Mariafrancesca Serra, il suo è stato un ritorno alla terra dopo anni di formazione, anche all’estero. E alla fine ha scelto di rientrare a Usellus, un paese di 728 abitanti nell’Oristanese. Una storia da raccontare…

A 10 anni sono stata sradicata dal mio paese: la morte di mia madre ha costretto mio padre a mettere me e mio fratello maggiore in collegio. Io andai dalle suore francescane a Oristano, poi a Cagliari per il liceo scientifico e la laurea e infine all’estero per le specializzazioni. Ma per l’azienda di famiglia, un allevamento di bovini, suini e ovini, ho sempre svolto incarichi amministrativi. Due anni fa lui ha avuto problemi di salute, voleva vendere tutto. Diceva che era un lavoro troppo duro per una donna, che non voleva che io vivessi una vita di sacrifici come la sua. Ma non potevo disperdere un patrimonio di esperienza lungo 60 anni.

Ed è diventata pastora ed allevatrice a tempo pieno. Un mestiere da uomini, dunque?

Diciamo che stiamo crescendo di numero ma ci guardano ancora spesso come un’anomalia. Una delle mie missioni, come responsabile di Coldiretti Donne, sarà quella di farci vedere di più.

Descriva il suo lavoro.

La mia è un’azienda agro-zootecnica, allevo ovini, bovini e suini. L’alimentazione degli animali è prodotta da noi con foraggi e fieno dei nostri terreni. Ho un solo dipendente fisso e altri stagionali. Sono una imprenditrice presente a 360 gradi: mungo, faccio nascere i vitelli e gli agnelli, seguo le transumanze.

Barriere culturali e pregiudizi?

Quelli non mancano. Ci sono clienti che pretendono di parlare con un uomo e non si danno pace che io gestisca l’azienda con mio padre. Ma io resto me stessa, non nascondo la mia femminilità, nemmeno al pascolo.
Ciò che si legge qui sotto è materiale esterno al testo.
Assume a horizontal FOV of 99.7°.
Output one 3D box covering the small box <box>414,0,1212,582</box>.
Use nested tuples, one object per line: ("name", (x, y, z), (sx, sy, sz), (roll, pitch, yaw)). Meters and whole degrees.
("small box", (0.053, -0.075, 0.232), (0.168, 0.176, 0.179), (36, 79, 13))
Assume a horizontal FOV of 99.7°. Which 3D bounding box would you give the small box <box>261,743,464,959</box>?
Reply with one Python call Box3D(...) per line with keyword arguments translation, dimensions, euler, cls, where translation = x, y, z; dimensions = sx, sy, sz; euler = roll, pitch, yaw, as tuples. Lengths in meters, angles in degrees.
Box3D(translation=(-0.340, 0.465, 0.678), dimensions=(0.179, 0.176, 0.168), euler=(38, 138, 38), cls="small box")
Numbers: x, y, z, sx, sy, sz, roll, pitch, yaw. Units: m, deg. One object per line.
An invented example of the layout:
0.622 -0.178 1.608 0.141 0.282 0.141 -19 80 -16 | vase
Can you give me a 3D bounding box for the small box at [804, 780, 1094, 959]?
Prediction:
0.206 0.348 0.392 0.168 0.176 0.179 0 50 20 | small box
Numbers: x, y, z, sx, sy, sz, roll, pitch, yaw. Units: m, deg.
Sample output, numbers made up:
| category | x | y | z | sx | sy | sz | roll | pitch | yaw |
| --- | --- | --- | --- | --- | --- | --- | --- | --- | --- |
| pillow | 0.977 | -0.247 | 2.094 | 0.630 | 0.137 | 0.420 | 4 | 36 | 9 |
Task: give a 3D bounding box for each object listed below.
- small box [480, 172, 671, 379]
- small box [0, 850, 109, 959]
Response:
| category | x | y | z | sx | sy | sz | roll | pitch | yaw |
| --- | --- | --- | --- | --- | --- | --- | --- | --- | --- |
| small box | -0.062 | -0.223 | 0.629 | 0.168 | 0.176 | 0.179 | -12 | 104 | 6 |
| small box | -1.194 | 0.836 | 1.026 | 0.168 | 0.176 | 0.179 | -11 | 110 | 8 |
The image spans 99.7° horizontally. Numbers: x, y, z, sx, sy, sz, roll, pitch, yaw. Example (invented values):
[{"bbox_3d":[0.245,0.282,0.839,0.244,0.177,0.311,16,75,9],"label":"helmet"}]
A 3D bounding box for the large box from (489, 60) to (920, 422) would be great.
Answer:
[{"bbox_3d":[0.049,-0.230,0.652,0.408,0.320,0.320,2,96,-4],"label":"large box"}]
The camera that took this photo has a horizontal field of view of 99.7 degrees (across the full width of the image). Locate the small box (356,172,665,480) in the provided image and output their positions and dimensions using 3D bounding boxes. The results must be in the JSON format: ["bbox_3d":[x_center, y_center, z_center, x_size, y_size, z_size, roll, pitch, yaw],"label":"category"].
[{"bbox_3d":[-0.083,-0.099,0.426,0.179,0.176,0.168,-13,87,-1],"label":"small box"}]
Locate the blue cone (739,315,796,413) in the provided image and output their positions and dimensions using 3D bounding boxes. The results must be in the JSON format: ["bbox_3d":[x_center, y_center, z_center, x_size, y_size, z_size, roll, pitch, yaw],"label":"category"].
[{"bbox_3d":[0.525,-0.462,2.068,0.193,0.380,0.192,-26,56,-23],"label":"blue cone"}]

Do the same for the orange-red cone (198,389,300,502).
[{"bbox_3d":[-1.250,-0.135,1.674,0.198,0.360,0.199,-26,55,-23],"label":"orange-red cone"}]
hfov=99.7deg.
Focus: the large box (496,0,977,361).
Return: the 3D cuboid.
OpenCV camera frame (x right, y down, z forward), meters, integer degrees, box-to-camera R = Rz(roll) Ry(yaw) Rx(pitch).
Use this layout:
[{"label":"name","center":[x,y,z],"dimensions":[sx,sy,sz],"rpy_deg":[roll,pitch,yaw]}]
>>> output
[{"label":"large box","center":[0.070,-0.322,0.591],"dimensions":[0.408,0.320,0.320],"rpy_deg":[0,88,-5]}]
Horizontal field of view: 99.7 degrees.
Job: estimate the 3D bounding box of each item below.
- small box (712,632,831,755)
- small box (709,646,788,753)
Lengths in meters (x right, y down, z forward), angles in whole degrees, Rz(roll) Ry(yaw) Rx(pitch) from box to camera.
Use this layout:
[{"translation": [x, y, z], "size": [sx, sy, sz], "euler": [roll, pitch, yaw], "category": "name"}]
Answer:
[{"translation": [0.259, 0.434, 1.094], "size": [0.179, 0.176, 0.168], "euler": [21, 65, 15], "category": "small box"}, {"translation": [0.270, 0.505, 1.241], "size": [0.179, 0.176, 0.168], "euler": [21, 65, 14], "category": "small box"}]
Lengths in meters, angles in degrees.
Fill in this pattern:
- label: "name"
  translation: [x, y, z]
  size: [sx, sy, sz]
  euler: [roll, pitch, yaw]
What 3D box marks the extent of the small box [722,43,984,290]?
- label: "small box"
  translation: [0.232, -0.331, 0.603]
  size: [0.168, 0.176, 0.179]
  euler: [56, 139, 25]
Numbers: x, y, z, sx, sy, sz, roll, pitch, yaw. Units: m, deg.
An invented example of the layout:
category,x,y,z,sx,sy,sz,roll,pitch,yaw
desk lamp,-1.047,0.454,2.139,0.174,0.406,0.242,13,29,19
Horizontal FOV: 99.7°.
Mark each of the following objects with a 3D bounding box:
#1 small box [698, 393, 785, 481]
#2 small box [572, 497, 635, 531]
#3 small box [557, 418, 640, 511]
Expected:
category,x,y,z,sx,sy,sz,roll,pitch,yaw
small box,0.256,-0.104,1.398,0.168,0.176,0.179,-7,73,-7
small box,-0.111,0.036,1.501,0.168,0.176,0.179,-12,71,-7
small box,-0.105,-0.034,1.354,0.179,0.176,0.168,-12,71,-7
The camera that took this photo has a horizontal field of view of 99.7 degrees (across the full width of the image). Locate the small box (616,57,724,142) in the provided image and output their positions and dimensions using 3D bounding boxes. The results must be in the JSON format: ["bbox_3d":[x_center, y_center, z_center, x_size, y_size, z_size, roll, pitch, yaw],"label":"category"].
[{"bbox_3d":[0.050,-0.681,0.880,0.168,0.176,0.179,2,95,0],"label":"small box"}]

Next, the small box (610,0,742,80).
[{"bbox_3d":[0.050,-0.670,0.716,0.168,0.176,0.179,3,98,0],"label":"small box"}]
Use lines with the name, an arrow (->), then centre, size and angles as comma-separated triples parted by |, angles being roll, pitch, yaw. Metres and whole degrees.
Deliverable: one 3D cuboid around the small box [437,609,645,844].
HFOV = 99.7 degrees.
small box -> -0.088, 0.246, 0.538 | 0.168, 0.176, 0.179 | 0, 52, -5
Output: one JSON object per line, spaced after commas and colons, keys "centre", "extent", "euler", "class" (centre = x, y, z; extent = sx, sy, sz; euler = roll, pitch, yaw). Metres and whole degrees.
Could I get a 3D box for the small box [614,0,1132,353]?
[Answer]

Il 50% delle donne della Coldiretti, che lei ora rappresenta, ha una laurea. Lei addirittura due master. Come utilizza i suoi studi?

Cerco di innovare, pur nella tradizione. Applico l’allevamento di precisione: tutti i miei capi sono registrati su una App, ciascuno ha un codice con il quale recupero ogni informazione, sanitaria e fisica, eseguo l’ecografia sulle pecore per gestire al meglio l’alimentazione anche durante la gravidanza, so per ogni giorno del calendario quanti sono i parti previsti e quindi quanti capi avrò in ogni momento. L’allevamento di precisione è praticato da una nicchia di operatori, ma questo è il futuro. Ora sto studiando un progetto utilizzando i miei studi in acustica: usare certe frequenze per far stare bene gli animali.

Lei ha detto che le imprese agricole a conduzione femminili sono le più innovative. Perché?

Il 25% delle donne in agricoltura sono laureate, spesso in materie lontane e prima di arrivarci fanno esperienze diverse, in altri settori. Così riescono a portare nelle loro aziende una visione differente. Il 50% delle imprenditrici Coldiretti ha inoltre affiancato all’attività principale più attività collaterali: fattorie didattiche, agriasili, agriturismi, agricampeggi, agricosmesi. E poi c’è l’attenzione per il sociale, ad esempio con l’inserimento di lavoratori svantaggiati o di donne che hanno subìto violenza. Le donne hanno visione, sensibilità e creatività.

Oltre a essere Responsabile nazionale Donne Coldiretti, lei mantiene il ruolo di leader provinciale di Oristano e regionale della Sardegna. Pensa di essere un modello per le giovani che vogliono accostarsi al mestiere di contadina o pastora?

Spero di essere di ispirazione per tante donne che vorrebbero ma non hanno il coraggio di intraprendere questi mestieri. Vorrei dare coraggio alle ragazze - so che sono tante - che vorrebbero riprendere in mano le aziende di famiglia o i loro sogni. Vorrei che non si facessero scoraggiare da chi dice loro che si tratta di un mestiere umile oppure troppo duro per una donna. Vorrei che pensassero che i confini e i limiti sono solo mentali e culturali.

Quali sono i suoi progetti a favore delle donne della sua categoria?

Vorrei contribuire a creare un ambiente favorevole per le donne che lavorano in agricoltura. Occorre aumentare il contributo di maternità, che ora è bassissimo. E poi lavorerò per aumentare la presenza femminile nei ruoli apicali sia in Coldiretti che negli enti collegati. Il punto di vista delle donne è fondamentale.

Condivide la battaglia di Coldiretti contro i cibi sintetici?

Sì, del tutto. Dietro il cibo sintetico ci sono interessi milionari, ma noi siamo per il cibo buono, sano e made in Italy. Amiamo anche noi la tecnologia, ma la natura non si replica.